**What you have to do**
Locate the word "size" in the data below, then copy every line that holds it.

**Source data**

==================================================

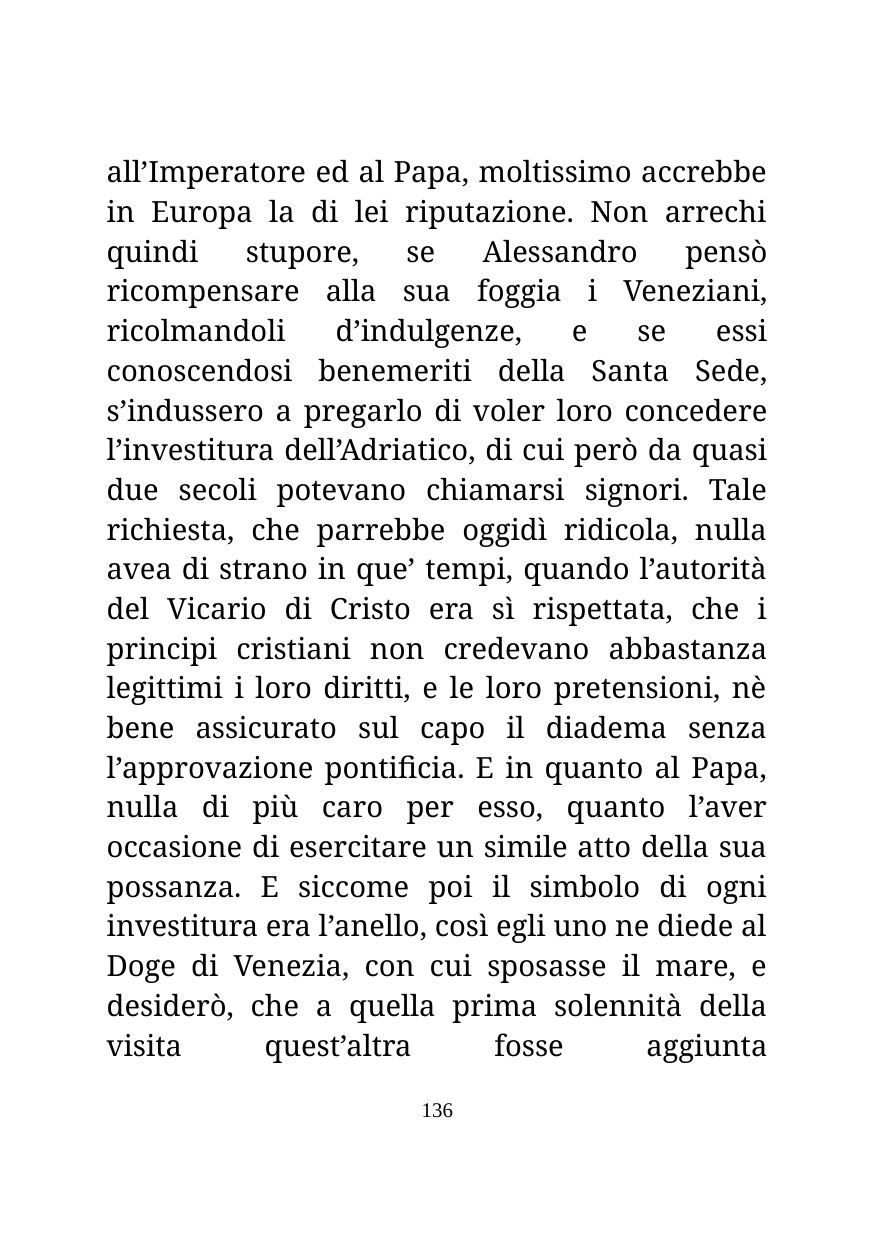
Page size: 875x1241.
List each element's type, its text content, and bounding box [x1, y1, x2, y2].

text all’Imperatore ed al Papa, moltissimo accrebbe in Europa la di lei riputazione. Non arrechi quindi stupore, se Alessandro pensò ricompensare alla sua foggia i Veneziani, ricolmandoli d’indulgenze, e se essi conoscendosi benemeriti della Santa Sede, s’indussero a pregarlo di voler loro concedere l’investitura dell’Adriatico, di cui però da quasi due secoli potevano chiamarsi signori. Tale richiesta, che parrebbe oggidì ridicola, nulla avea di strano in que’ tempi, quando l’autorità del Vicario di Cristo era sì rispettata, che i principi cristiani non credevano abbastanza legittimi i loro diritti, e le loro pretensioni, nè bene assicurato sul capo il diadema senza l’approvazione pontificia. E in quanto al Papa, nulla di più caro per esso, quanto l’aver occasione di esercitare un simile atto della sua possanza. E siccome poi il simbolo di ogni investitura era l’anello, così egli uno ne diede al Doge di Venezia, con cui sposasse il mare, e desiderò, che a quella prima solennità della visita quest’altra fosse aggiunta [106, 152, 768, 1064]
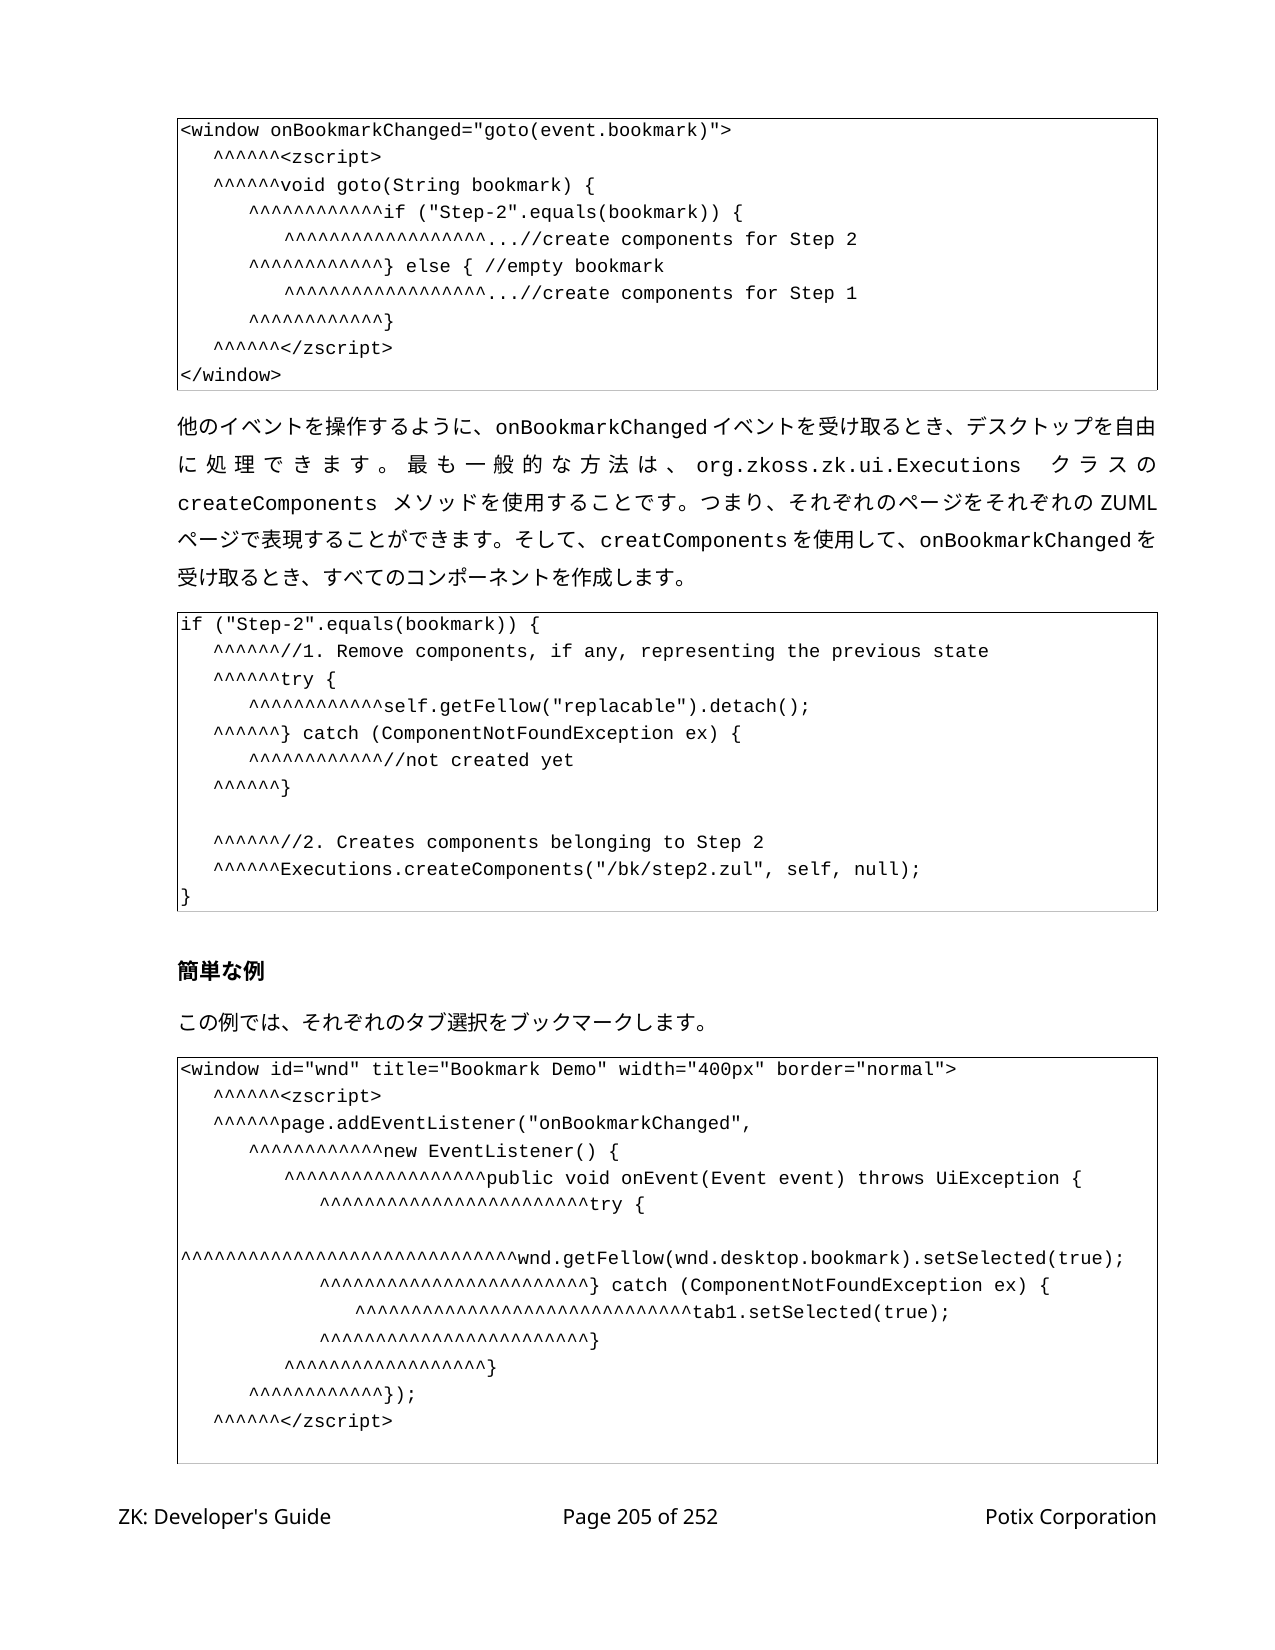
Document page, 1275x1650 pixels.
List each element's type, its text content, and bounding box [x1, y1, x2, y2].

==================================================

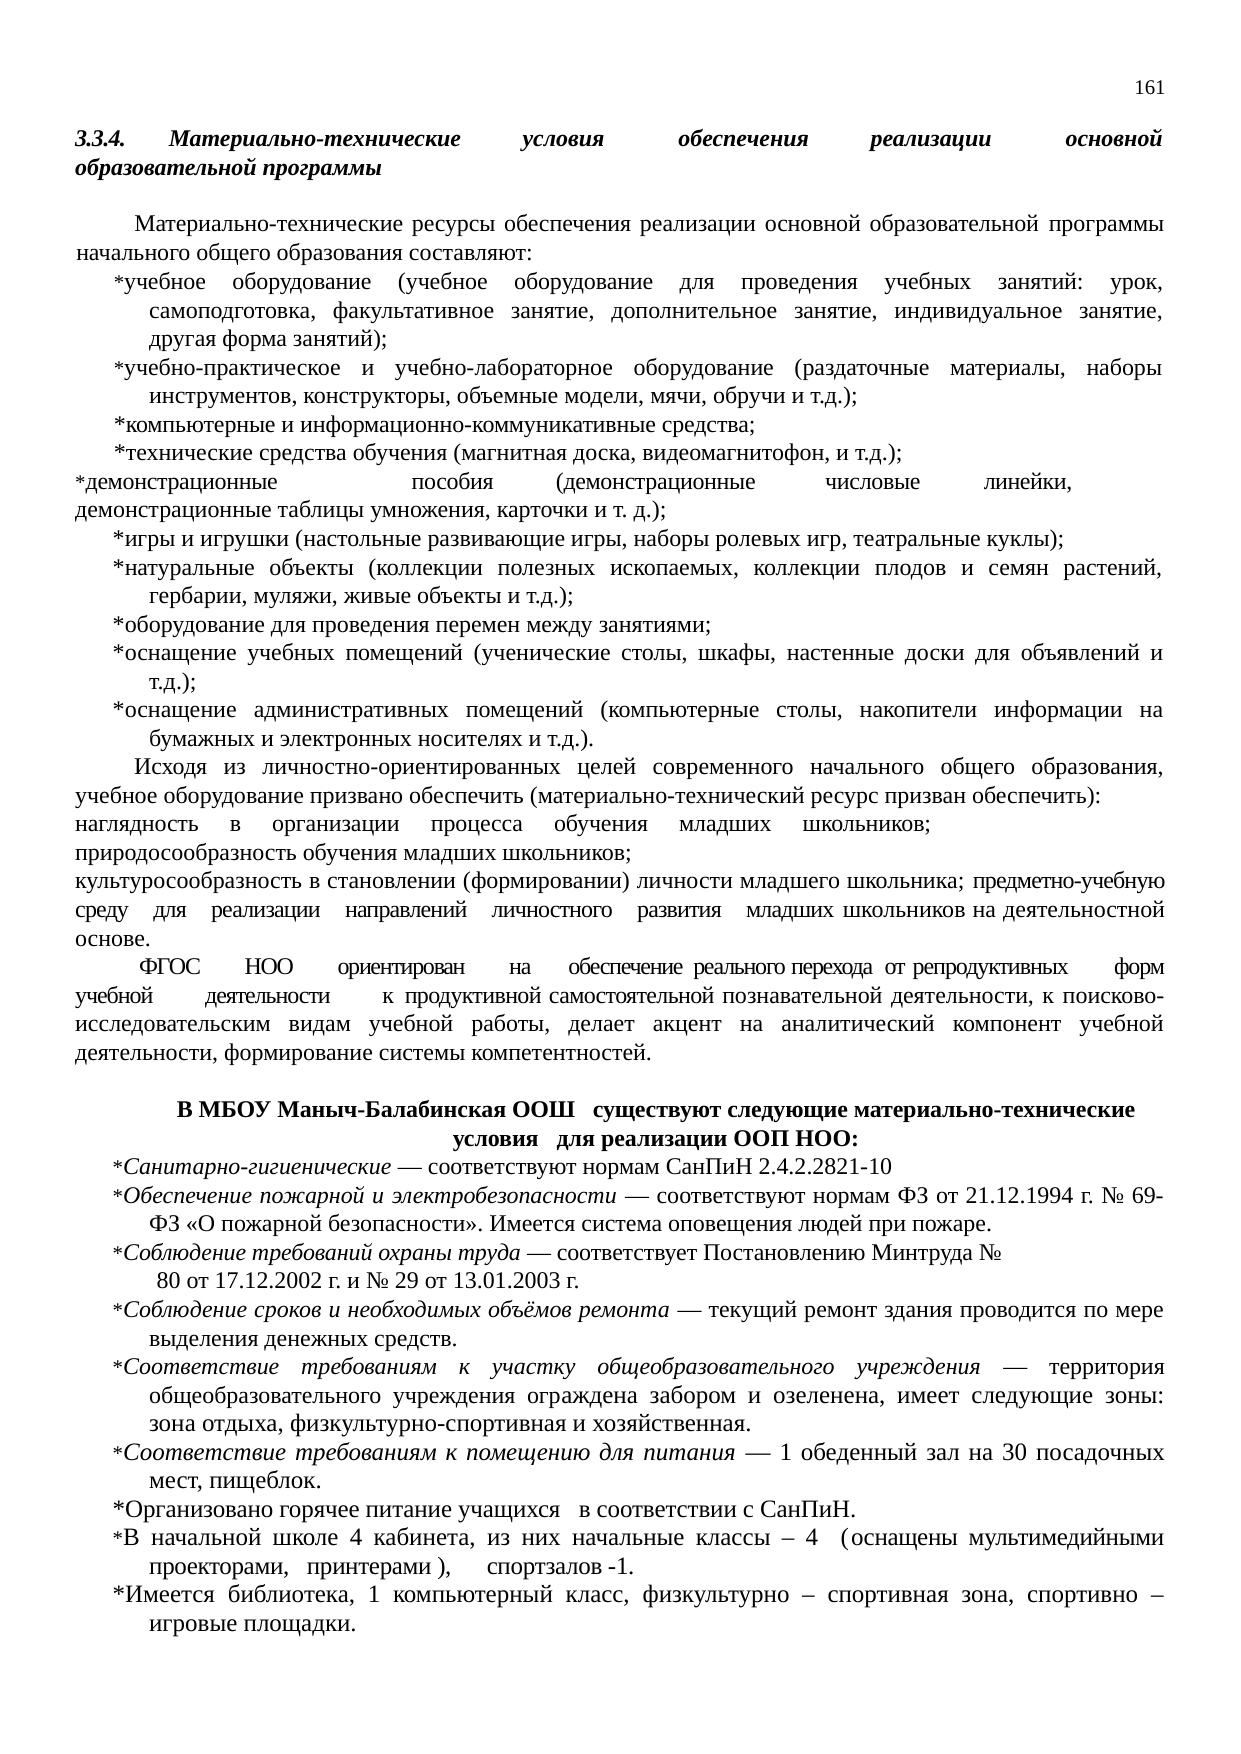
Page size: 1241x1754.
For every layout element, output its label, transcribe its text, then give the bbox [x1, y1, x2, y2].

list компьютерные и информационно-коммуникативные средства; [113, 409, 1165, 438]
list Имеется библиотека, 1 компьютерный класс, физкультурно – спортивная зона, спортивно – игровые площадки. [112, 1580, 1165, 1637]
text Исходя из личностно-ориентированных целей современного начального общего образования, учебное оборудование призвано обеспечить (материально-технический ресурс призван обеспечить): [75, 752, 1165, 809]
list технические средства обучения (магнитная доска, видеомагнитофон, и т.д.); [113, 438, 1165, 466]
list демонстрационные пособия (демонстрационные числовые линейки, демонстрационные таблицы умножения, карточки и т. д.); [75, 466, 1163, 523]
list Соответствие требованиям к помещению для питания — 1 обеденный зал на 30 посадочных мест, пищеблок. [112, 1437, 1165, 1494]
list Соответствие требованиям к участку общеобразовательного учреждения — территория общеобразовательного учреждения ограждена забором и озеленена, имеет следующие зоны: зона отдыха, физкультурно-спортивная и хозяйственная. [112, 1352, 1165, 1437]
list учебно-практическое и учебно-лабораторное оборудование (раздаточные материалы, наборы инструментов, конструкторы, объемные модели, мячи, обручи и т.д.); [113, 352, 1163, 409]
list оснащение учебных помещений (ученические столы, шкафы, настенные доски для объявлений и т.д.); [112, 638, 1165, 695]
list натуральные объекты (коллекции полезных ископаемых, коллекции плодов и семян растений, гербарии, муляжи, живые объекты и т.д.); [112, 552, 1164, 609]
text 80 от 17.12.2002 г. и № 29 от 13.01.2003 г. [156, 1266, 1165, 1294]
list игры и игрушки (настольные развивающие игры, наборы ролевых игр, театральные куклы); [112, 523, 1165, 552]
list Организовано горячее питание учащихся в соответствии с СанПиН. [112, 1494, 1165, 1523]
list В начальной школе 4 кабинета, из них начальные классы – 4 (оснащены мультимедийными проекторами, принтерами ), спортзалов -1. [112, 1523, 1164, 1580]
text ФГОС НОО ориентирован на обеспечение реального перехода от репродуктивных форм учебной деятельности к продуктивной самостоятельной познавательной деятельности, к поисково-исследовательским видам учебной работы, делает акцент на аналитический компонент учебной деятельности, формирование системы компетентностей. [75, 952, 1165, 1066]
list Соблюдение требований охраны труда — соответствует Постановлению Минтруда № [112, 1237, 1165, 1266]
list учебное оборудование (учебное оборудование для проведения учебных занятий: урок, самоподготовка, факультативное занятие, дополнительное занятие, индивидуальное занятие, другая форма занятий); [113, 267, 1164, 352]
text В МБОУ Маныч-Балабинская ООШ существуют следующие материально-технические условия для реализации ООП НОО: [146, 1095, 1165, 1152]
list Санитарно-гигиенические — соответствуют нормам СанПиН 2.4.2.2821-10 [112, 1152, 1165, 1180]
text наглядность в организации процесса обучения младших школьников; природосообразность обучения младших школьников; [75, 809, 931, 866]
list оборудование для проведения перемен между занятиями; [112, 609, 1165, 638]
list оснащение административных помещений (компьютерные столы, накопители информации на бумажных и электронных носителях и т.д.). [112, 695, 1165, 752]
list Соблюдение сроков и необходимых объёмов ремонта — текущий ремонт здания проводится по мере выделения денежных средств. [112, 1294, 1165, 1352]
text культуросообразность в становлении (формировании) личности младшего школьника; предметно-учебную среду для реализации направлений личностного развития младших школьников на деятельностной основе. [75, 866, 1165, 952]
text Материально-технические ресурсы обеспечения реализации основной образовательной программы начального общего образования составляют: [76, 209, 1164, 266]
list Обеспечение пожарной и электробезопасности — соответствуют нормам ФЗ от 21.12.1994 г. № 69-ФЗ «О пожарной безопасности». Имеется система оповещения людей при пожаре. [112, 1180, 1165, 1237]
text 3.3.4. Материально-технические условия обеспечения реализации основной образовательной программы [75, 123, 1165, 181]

==================================================

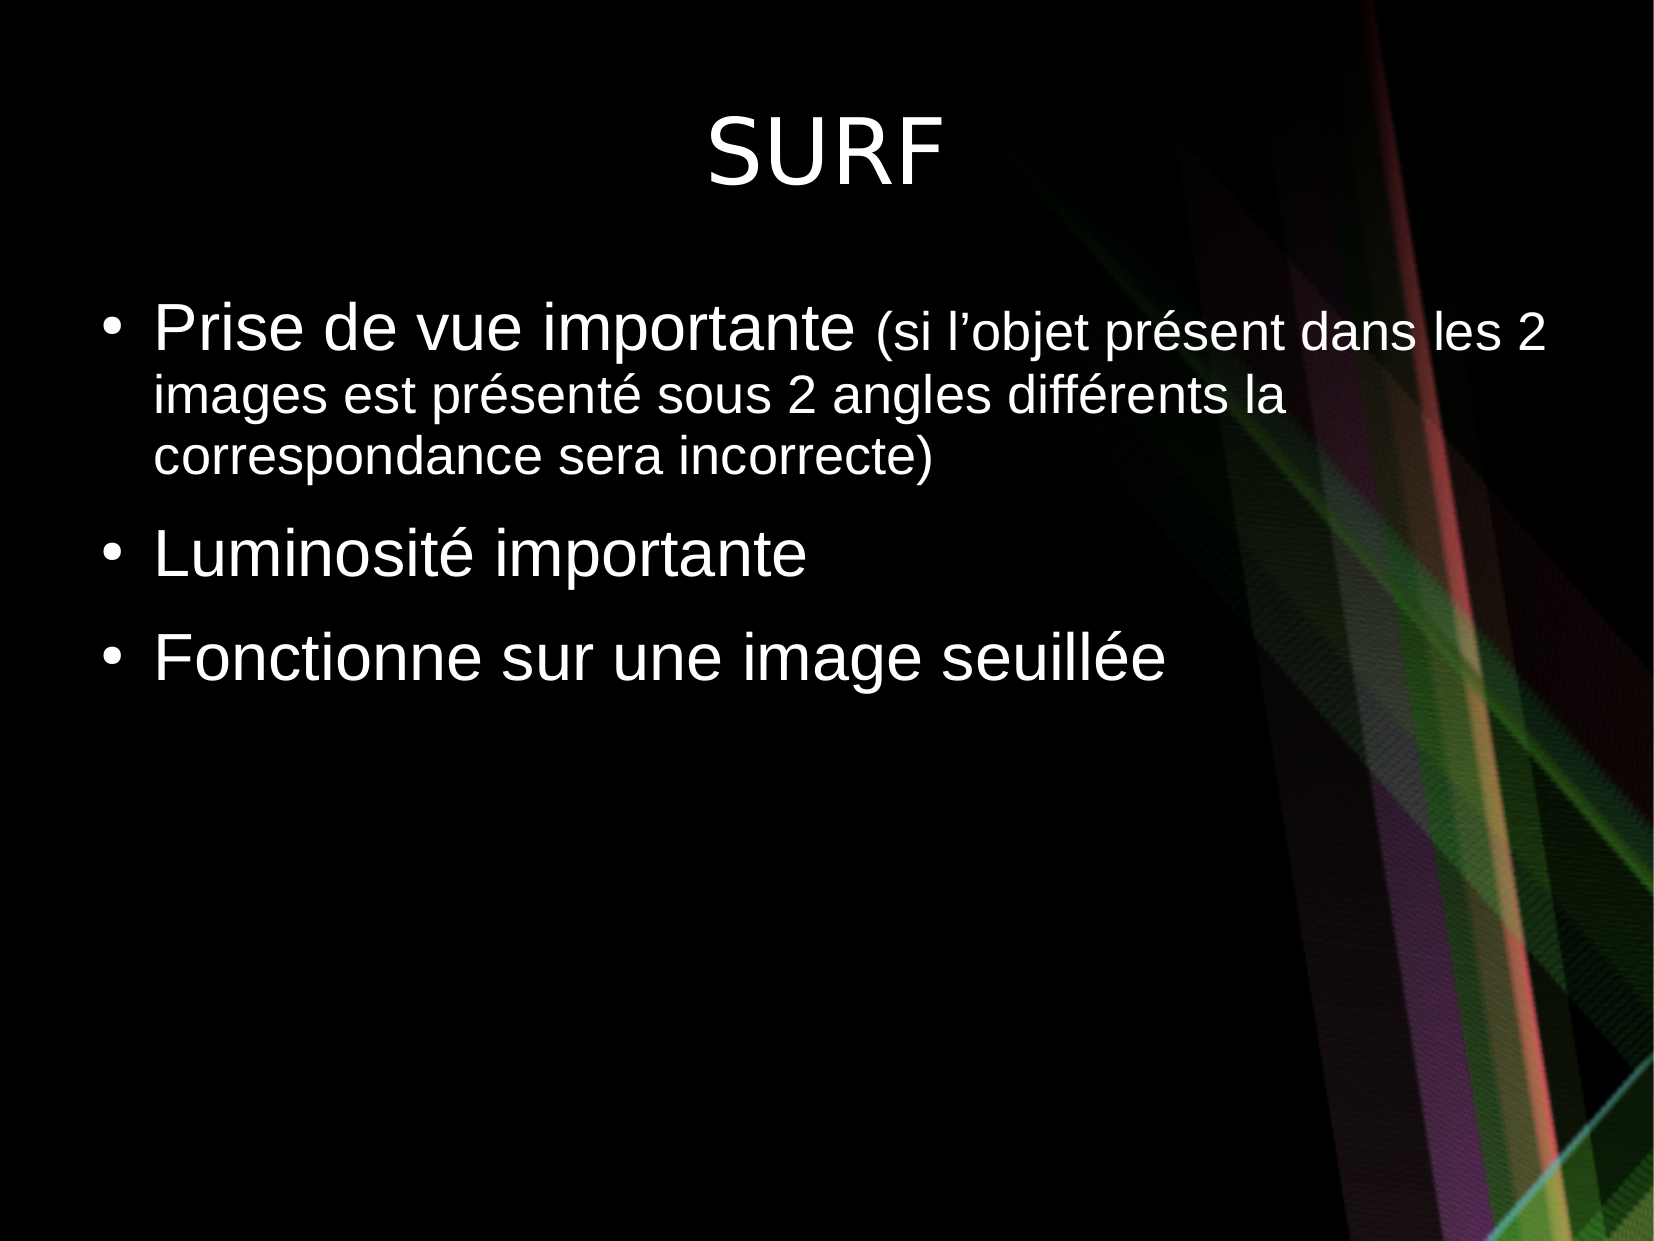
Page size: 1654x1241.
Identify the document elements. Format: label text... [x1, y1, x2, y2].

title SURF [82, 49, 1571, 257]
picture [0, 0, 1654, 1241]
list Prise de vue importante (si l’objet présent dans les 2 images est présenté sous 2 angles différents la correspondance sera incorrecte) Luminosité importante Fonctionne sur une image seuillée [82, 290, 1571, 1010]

==================================================

**Answer space**
Page size: 875x1241.
Page size: 1241x1754.
Page size: 1654x1241.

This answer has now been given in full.